Only lines containing "high" are wanted from the data below. Copy those lines.

[[ RECORDED DATA, beginning ]]

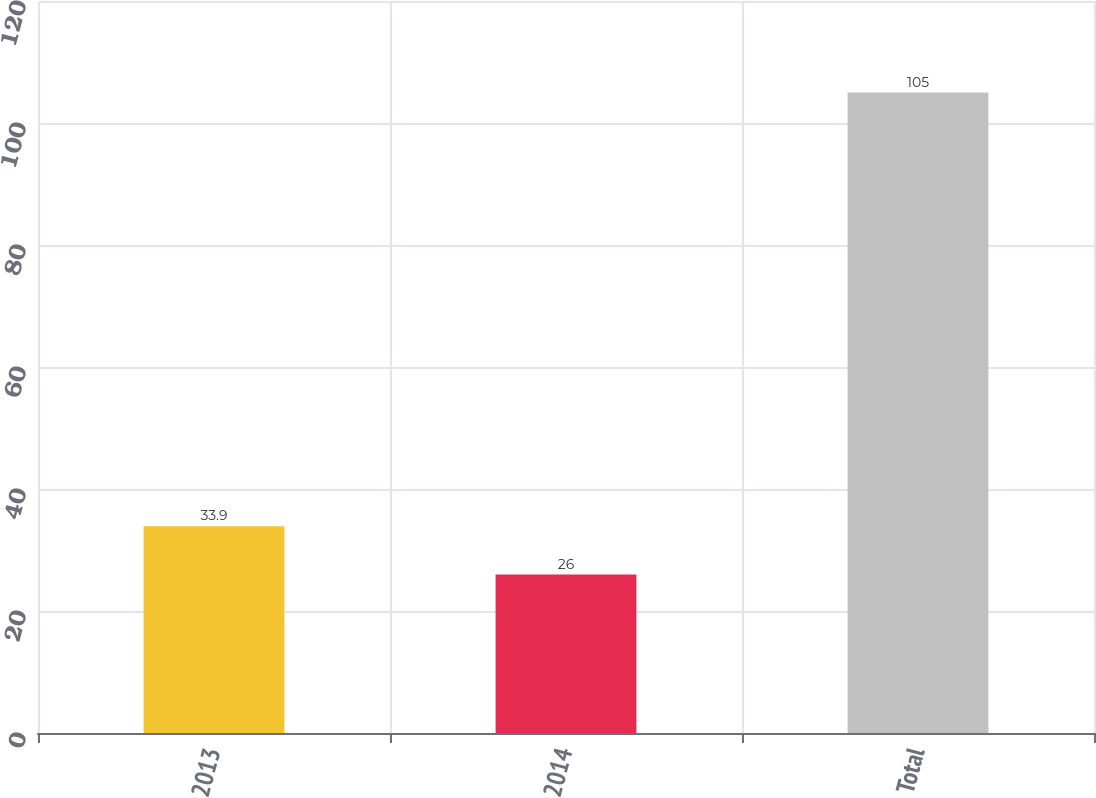<chart> <loc_0><loc_0><loc_500><loc_500><bar_chart><fcel>2013<fcel>2014<fcel>Total<nl><fcel>33.9<fcel>26<fcel>105<nl></chart> 
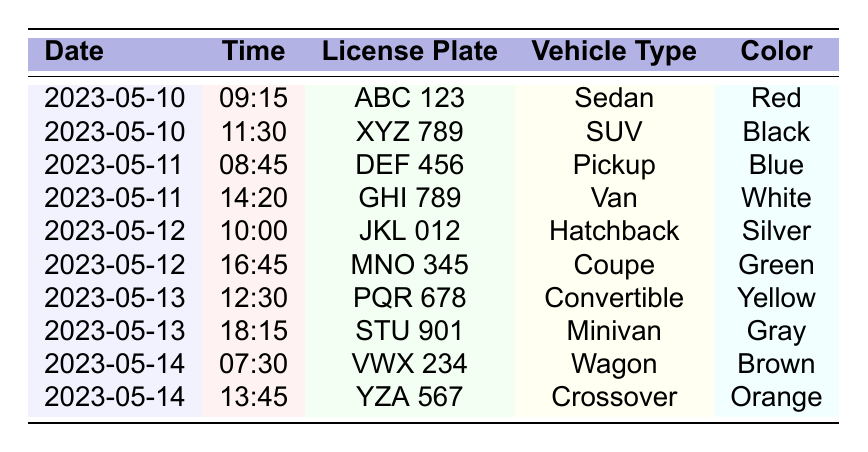What is the license plate of the red sedan? The table lists a red sedan with the license plate ABC 123 on the date 2023-05-10 at 09:15.
Answer: ABC 123 How many vehicles were observed on May 11, 2023? On May 11, the table shows two vehicles: DEF 456 (Pickup) at 08:45 and GHI 789 (Van) at 14:20, totaling two vehicles.
Answer: 2 What color is the vehicle with license plate GHI 789? According to the table, GHI 789 is a white van observed on May 11, 2023, at 14:20.
Answer: White Which vehicle type was observed at 12:30 on May 13, 2023? The table indicates that at 12:30 on May 13, 2023, the vehicle PQR 678 was a convertible.
Answer: Convertible Did a black SUV appear in the observations? Yes, the table confirms that on May 10, 2023, at 11:30, a black SUV with the license plate XYZ 789 was observed.
Answer: Yes What is the total number of vehicles observed over the four days? The table shows a total of 10 observations: 2 on May 10, 2 on May 11, 2 on May 12, 2 on May 13, and 2 on May 14. Therefore, the total is 10.
Answer: 10 Which color was the last vehicle observed? The table lists the last vehicle as a crossover with the license plate YZA 567, which is orange, observed on May 14, 2023, at 13:45.
Answer: Orange How many different vehicle types are listed for May 12, 2023? On May 12, there are two different vehicle types: JKL 012 (Hatchback) and MNO 345 (Coupe).
Answer: 2 Was there a minivan observed on May 13, 2023? Yes, the table shows a minivan with the license plate STU 901 observed at 18:15 on May 13, 2023.
Answer: Yes What is the average time of observation for all vehicles? The times of observations are 09:15, 11:30, 08:45, 14:20, 10:00, 16:45, 12:30, 18:15, 07:30, and 13:45. Converting to minutes since midnight: 555, 690, 525, 860, 600, 1005, 750, 1095, 450, 825. The average is (555 + 690 + 525 + 860 + 600 + 1005 + 750 + 1095 + 450 + 825) / 10 = 718.5 minutes. Converting back to time gives approximately 11:58 AM.
Answer: 11:58 AM 
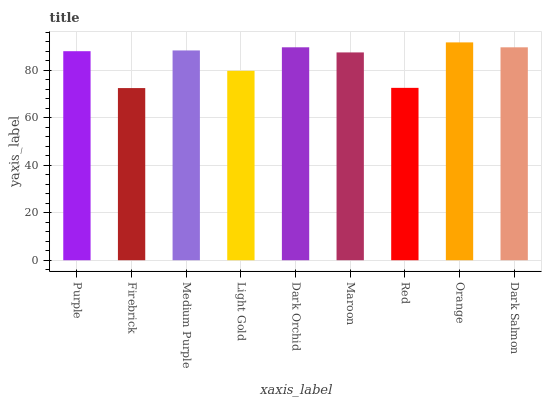Is Firebrick the minimum?
Answer yes or no. Yes. Is Orange the maximum?
Answer yes or no. Yes. Is Medium Purple the minimum?
Answer yes or no. No. Is Medium Purple the maximum?
Answer yes or no. No. Is Medium Purple greater than Firebrick?
Answer yes or no. Yes. Is Firebrick less than Medium Purple?
Answer yes or no. Yes. Is Firebrick greater than Medium Purple?
Answer yes or no. No. Is Medium Purple less than Firebrick?
Answer yes or no. No. Is Purple the high median?
Answer yes or no. Yes. Is Purple the low median?
Answer yes or no. Yes. Is Maroon the high median?
Answer yes or no. No. Is Firebrick the low median?
Answer yes or no. No. 
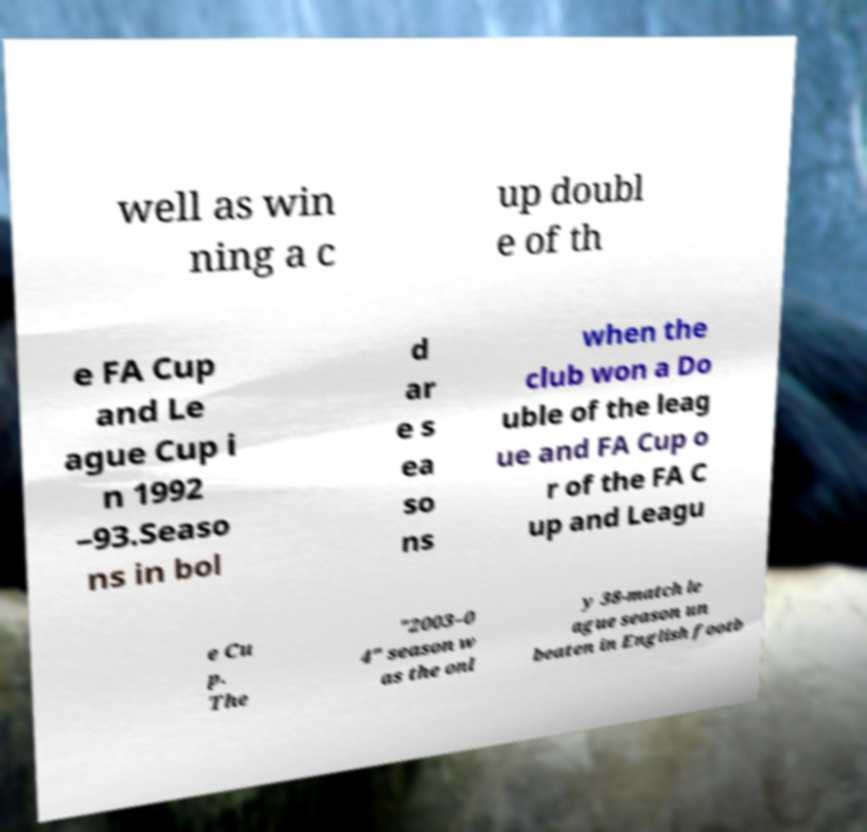Could you extract and type out the text from this image? well as win ning a c up doubl e of th e FA Cup and Le ague Cup i n 1992 –93.Seaso ns in bol d ar e s ea so ns when the club won a Do uble of the leag ue and FA Cup o r of the FA C up and Leagu e Cu p. The "2003–0 4" season w as the onl y 38-match le ague season un beaten in English footb

[[ RECORDED DATA, end ]]

**RESPONSE TO THE TASK**
Answer yes or no. No. Is Purple the high median?
Answer yes or no. Yes. Is Maroon the high median?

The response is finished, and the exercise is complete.